Según Erol Polat, Rusia y Estados Unidos son “dos actores en Medio Oriente que tampoco quieren que los kurdos planteen el Confederalismo Democrático, porque va en contra de sus sistemas. Estas dos fuerzas y Europa tienen sus inversiones en Turquía y las quieren perder, por eso dejan hacer al gobierno de Erdogan, al mismo tiempo que quieren controlar a los kurdos”. “Los kurdos tienen que buscar trabajar con estas dos fuerzas, porque así se puede resolver la crisis en Medio Oriente”, asevera el miembro del KNK.

Por su parte, Mehmet Dogan no comparte la postura de una “alianza táctica” con Washington, ya que “como vemos en la intervención de Turquía contra Efrîn, Estados Unidos dijo que tenían razón (de la intervención), que tenían que avanzar rápido y no mucho más. La única solución es encontrar un acuerdo con el gobierno de Siria sin contar con las potencias extranjeras”.
Sin bien el gobierno de Assad rechazó la invasión turca, hasta ahora no intervino de forma concreta para detener los ataques. Aunque los kurdos y la administración siria mantienen algunos acuerdos territoriales, las diferencias de posturas por momentos parecen irreconciliables.

Dogan no ve probable que el gobierno de Assad intervenga en Efrîn para detener a Turquía y agrega que “cuando los turcos entraron en Jarablus, el gobierno sirio cometió un error estratégico”. “Pero Siria puede aprovechar de esta situación para atacar Idlib –explica el antropólogo-. Si Siria ataca Efrîn o utiliza sus Fuerzas Armadas en Efrîn o en alguna zona kurda de Rojava, creo que un acuerdo entre los kurdos y Bashar Al Assad sería importante. Sin un acuerdo entre el gobierno sirio y los kurdos, con las reivindicaciones de los kurdos de modificar la Constitución, transformar a Siria en un Estado confederal y democrático, en este caso Siria podría intervenir”. Par Dogan, “los kurdos deben negociar con Assad para que acepte sus reivindicaciones. Podemos vivir unas negociaciones entre Siria y los kurdos y que lleguen a un acuerdo. Creo que eso sería la solución en beneficio de todos los pueblos de Siria. Sin un acuerdo con el gobierno sirio, los kurdos solos van a seguir estando como un elemento entre potencias mundiales”.
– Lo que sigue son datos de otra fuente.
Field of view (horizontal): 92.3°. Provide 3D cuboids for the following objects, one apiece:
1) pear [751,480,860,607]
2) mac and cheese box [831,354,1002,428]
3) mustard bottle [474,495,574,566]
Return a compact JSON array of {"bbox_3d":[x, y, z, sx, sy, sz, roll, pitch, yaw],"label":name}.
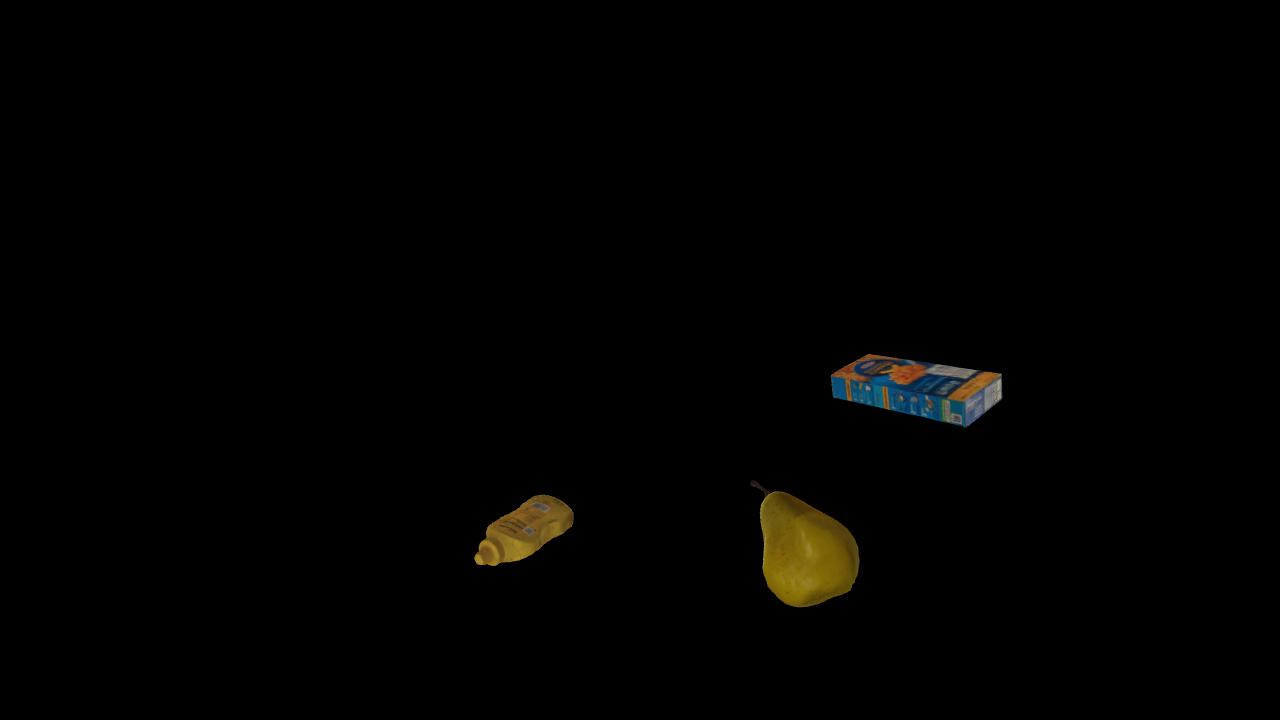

Según Polat, “el Estado sirio da un mensaje y dice que va a apoyar a los kurdos, pero el gobierno de Assad tampoco quiere que los kurdos desarrollen un sistema propio. El gobierno está más fuerte que antes, después de la derrota del Estado Islámico, entonces dice que los kurdos no pueden vivir sin el control del Estado sirio”.

Por estos días, en las cuatro regiones de Kurdistán, pero también en América Latina, Europa y Estados Unidos, las movilizaciones en contra de los bombardeos a Efrin se multiplican. Desde el Movimiento Kurdo de Liberación la respuesta a los ataques es la resistencia, no sólo desde el plano militar, sino que, en el caso del norte de Siria, también es en sostener la continuidad de un proyecto político y económico novedoso, en el cual las mujeres son el sujeto revolucionario y de cambio social, las comunas la principal forma de organización y las cooperativas el motor que lentamente comienza a funcionar en medio de una guerra que parece no tener fin.